À hora a que me devo levantar ou me quero levantar, a cor do dia… não digo que é igual todos os dias à mesma hora… mas é uma certa cor que me desperta, me entusiasma, sobretudo, quando deixa adivinhar um mundo brilhante e um céu sem nuvens, perto de nascer.
A minha actividade física, a clarividência do meu raciocínio e a lucidez da argumentação que me compete, dependem muito dessa clareza do mundo e da sua transparência.
Não há fórmulas mágicas. E se nevasse?
Trago os olhos cheios desta paisagem… De tal modo preenchidos que não sei se caberá neles alguma outra substância, por muito pequena.

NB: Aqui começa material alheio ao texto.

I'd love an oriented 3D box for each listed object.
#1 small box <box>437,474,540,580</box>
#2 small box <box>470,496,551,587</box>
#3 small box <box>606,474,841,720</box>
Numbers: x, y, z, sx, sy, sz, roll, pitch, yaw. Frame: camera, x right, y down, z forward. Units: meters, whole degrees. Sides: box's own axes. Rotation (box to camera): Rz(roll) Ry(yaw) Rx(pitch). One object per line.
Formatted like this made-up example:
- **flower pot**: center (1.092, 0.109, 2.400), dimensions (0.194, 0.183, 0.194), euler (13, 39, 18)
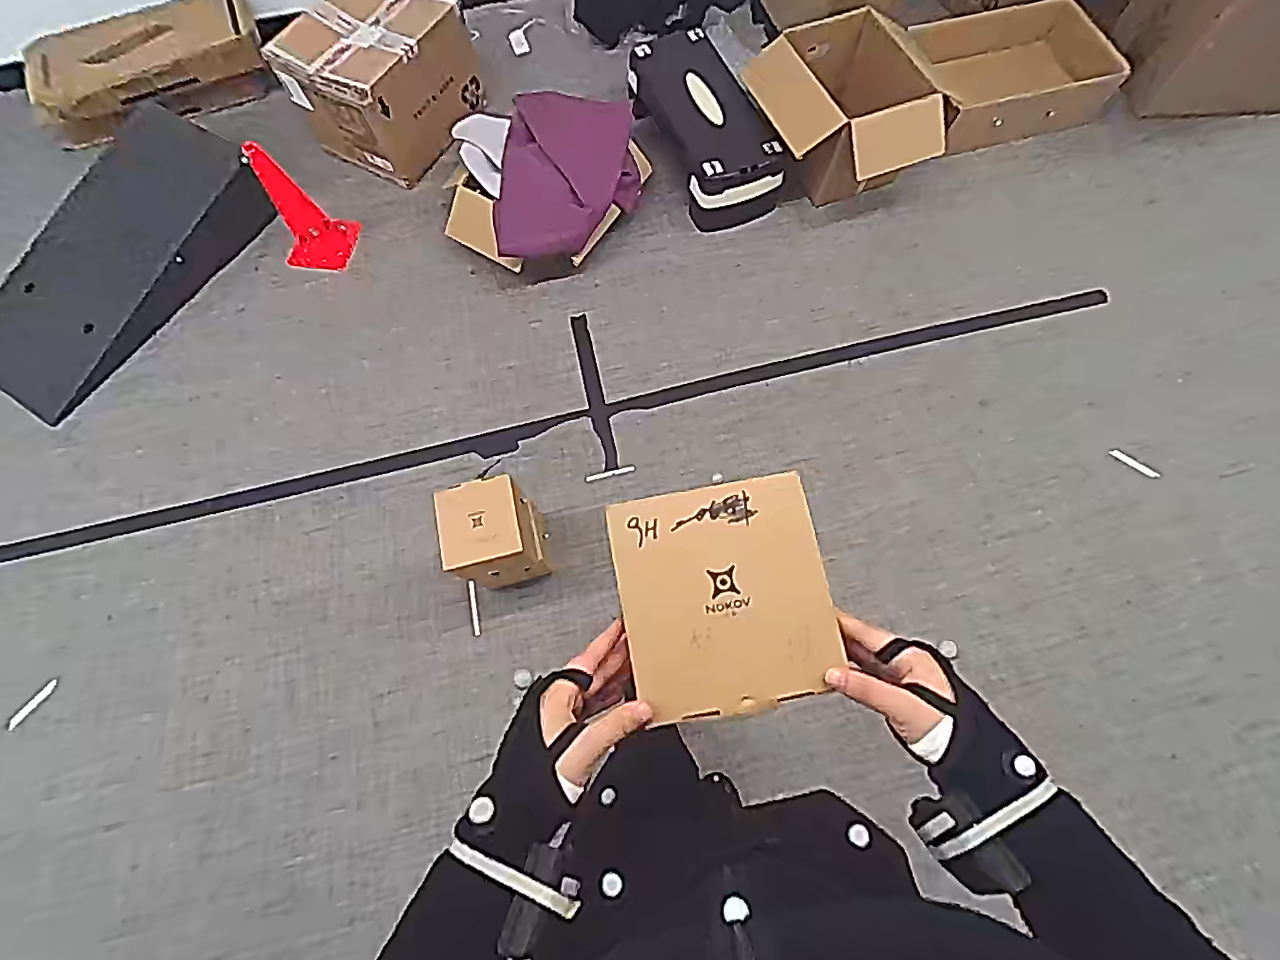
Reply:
- **small box**: center (-0.330, 0.109, 1.195), dimensions (0.168, 0.176, 0.179), euler (-14, 72, -2)
- **small box**: center (-0.326, 0.158, 1.350), dimensions (0.179, 0.176, 0.168), euler (-15, 71, -4)
- **small box**: center (0.066, 0.104, 0.514), dimensions (0.168, 0.176, 0.179), euler (-10, 80, -2)
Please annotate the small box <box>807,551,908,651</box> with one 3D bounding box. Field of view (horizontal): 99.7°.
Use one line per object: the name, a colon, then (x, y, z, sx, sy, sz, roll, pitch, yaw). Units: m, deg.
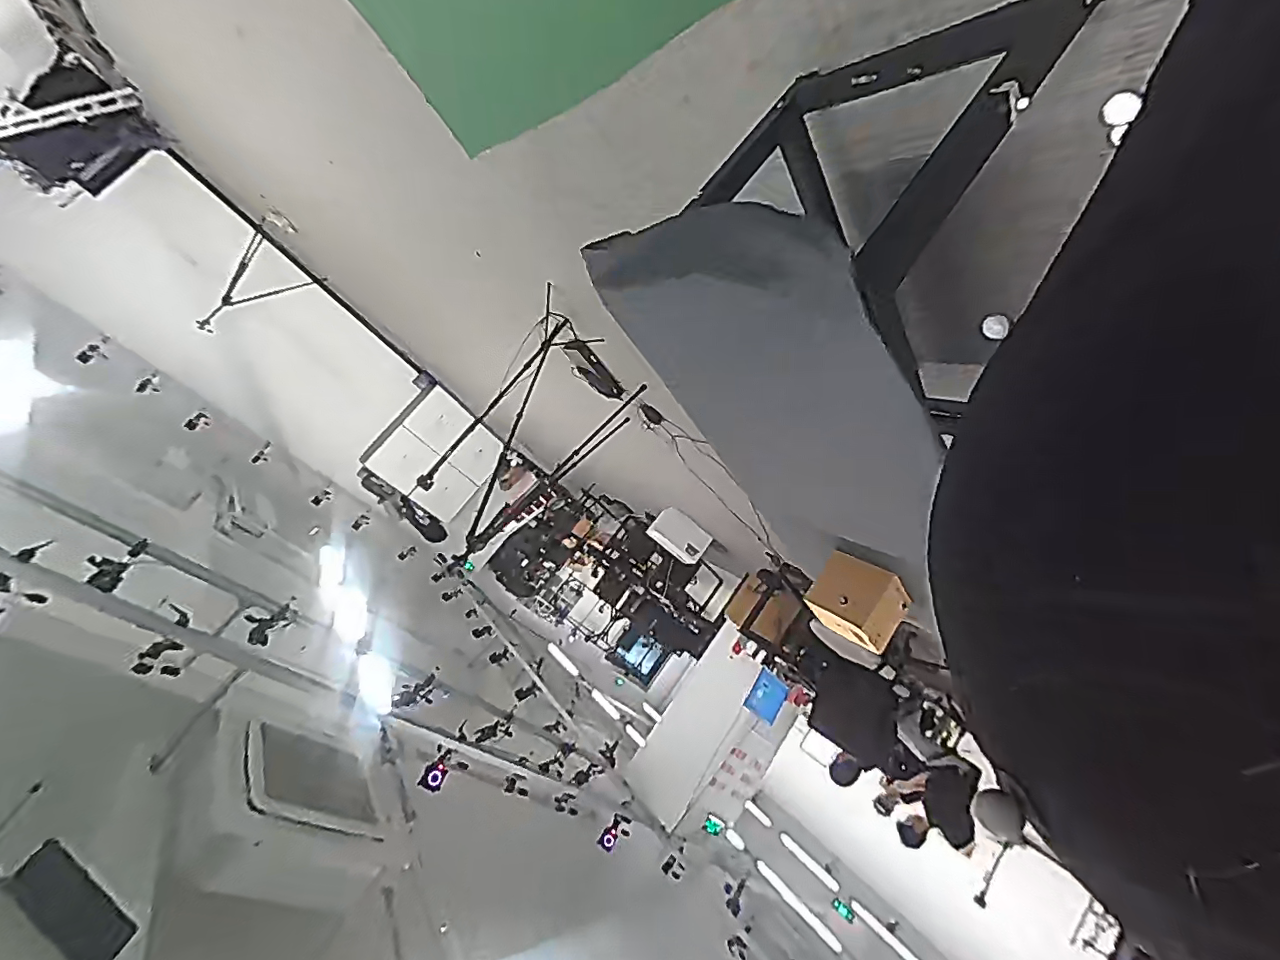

Os meus olhos estão presos ao mar e ao que o contém: o céu, a praia, o horizonte… o que conheço de belo, de atraente, de estimulante, de lúdico e de sério, de surpreendente e de inesperado, tudo, está ali.
Como posso desprender-me disto?
Ao falar de mim, ao evocar episódios da minha infância, da adolescência, da juventude… os mais espirituosos, falo sempre dele.
Não me importo de ficar por perto para sempre. Há tantas recordações e promessas sempre cumpridas por ambos...
Em momentos, vejo a água prateada quase lisa, limpa e brilhante numa faixa larga desde o sol-próximo-do-poente até aqui, aos meus pés. Noutras ocasiões, há milhares de estilhaços de vidros que reverberam, em permanente agitação.
Ontem, deste lado, estava sereno, sem cintilações com excepção de um espaço circular, ali a meio, uma arena. Vê-se que tem qualquer coisa que o perturba sob a superfície e o faz estremecer, quebrar a pequena ondulação, espumar ligeiramente, mudar de cor, modificar a forma, como se aquele redondo fosse um lugar furtivo, minado de segredos, coisas ocultas.
Passo muito tempo a tentar adivinhar o quê; que coisas ninguém pode saber.
É assim que fico com os olhos presos no lugar.
Mas hoje é dia de haver espelhos despedaçados, aos milhares, em grande agitação, no mesmo espaço redondo. Vêm com as ondas, há algumas ondas, partem-se mais contra os rochedos como as conchas e seguem um seu caminho até à praia. Mas na praia, não ficam espelhos, mas gotas de água, pingos e nada mais. E quando as ondas se vão, a areia permanece molhada.
Ocasiões há em que o mar me faz esgares, vejo isso. Eu queria que as minhas palavras tivessem energia bastante para descrevê-lo, é divertido.
Talvez fique triunfante por eu não compreender, por mais que o olhe e observe. Acho que há muita vontade de destruição que não é maldade, e não é sequer desprendimento.
Há ainda ocasiões mais raras em que fios finíssimos de sol, extremamente luminosos, se introduzem na água e ficam de pé e é o movimento da água que os estremece e os fragmenta. E pode ser o bater de milhares de asas de minúsculos pássaros o que provoca o movimento suave da água.
O mar repete permanentemente os mesmos gestos, só que diferentes. Além da beleza, é o que admiro.